The satisfaction was in the discovery process, which elicited an aha experience. Then, having to put up shows and create galleries with artists’ statements took some of the life out of it for me. I really hated trying to put into words what I had created in bronze and steel, or paper and pigment. I expected the works to speak for themselves.
Making art or engaging in the creative process has strong parallels to engaging in meditation. In meditation, as well as art or in daily life, we may find ourselves doing things by rote, repeating the same mechanisms or entry points—our habitual tendencies. But during this process of habituation, we may discover momentary bursts of something new, something fresh. In meditation, we can only expect to experience this now and then, for brief moments in time. But stringing these together, like a necklace of pearls, over months, years, or lifetimes, we collect a sense of freshness. We can re-habituate ourselves in new ways to the creative expression of the now or the true nature of reality, to use a Buddhist term. A frequent, completely fresh moment of experience is not something we commonly experience, unless we are very stable practitioners or one of the realized beings or hidden masters, who are many, walking among us.
As Dharma writers, we tend to go down the same kind of rabbit holes, and it can become as stale as anything else in life. So my advice for meditators, as well as artists and writers, is to find new paths to that sense of childhood freshness—methods to return us to a state of beginner’s mind.
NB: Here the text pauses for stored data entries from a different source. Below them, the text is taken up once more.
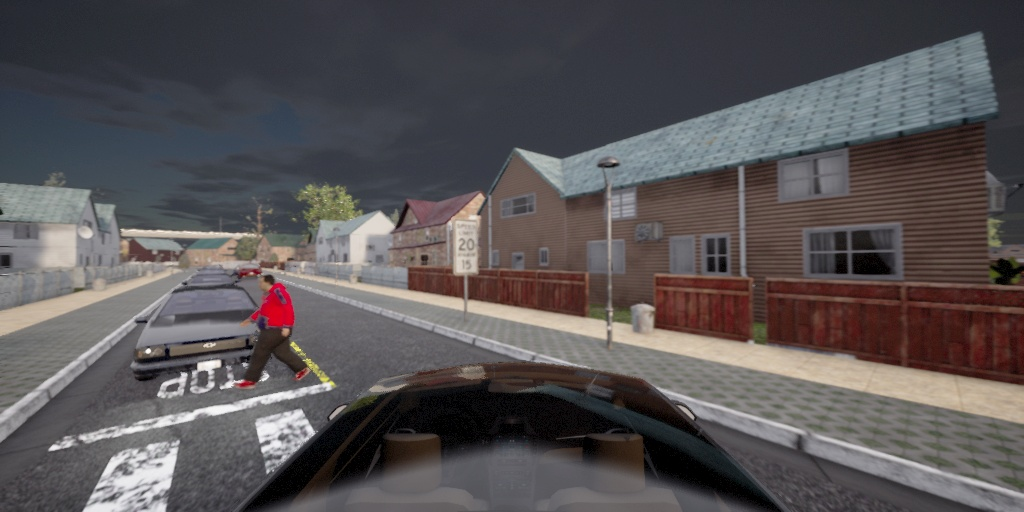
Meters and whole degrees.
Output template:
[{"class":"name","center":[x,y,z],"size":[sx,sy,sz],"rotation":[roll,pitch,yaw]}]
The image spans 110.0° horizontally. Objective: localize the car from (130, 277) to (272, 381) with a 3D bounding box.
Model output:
[{"class":"car","center":[-6.529,1.373,7.764],"size":[2.033,1.411,5.357],"rotation":[0,-1,-40]}]

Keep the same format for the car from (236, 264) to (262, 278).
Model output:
[{"class":"car","center":[-27.387,1.603,37.439],"size":[1.882,1.535,5.008],"rotation":[0,-1,-40]}]

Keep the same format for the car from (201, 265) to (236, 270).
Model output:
[{"class":"car","center":[-19.609,1.543,23.486],"size":[2.033,1.411,5.357],"rotation":[0,-1,-39]}]

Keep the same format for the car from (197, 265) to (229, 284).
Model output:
[{"class":"car","center":[-27.148,1.581,32.627],"size":[2.128,1.511,4.902],"rotation":[0,0,-39]}]

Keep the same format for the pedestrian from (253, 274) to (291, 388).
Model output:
[{"class":"pedestrian","center":[-3.742,1.090,5.597],"size":[0.375,1.860,0.375],"rotation":[1,-2,-40]}]

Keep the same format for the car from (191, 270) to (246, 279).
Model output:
[{"class":"car","center":[-12.919,1.474,15.449],"size":[1.994,1.385,4.181],"rotation":[0,-1,-39]}]

It may be doodling in the margins of a notebook or a brisk walk in the fresh grass after a rainfall. Or it could be a stream of consciousness writing or certain kinds of breathing or movement. Any of these could inspire the non-literal parts of our mind to work again, lending themselves to the creation of something new, artistically. This is the fresh state of a relaxed mind that the texts teach us and that teachers guide us toward achieving. Of course, this achievement means letting go, a paradox in itself.
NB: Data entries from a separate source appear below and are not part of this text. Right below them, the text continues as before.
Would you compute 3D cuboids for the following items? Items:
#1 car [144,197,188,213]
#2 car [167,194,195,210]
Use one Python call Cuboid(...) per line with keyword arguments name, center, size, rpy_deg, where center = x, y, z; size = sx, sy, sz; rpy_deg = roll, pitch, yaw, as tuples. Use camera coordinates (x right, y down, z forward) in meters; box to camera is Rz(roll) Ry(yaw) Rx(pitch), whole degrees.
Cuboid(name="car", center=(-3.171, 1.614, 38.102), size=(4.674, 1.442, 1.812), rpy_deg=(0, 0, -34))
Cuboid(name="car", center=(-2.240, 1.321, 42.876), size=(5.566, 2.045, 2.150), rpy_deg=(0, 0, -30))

I find these talks, these multimedia performances by Laurie Anderson, herself a meditator, to be deeply inspiring; they help to reorganizing of my usual neural pathways. I have admired her work, which brings novel artistic expressions to life, for many decades. Her combination of existent elements into new formats opens and changes my mind. And so I highly recommend partaking of these and many other of her video offerings: see them in a fresh light, not as mere entertainment or food for thought but as actual methods for engendering awareness—the same awareness that meditation masters speak and write about.
May you find joy, humor, and pathos in these offerings of brilliant questioning and creation as well as surprising synaptic mind states.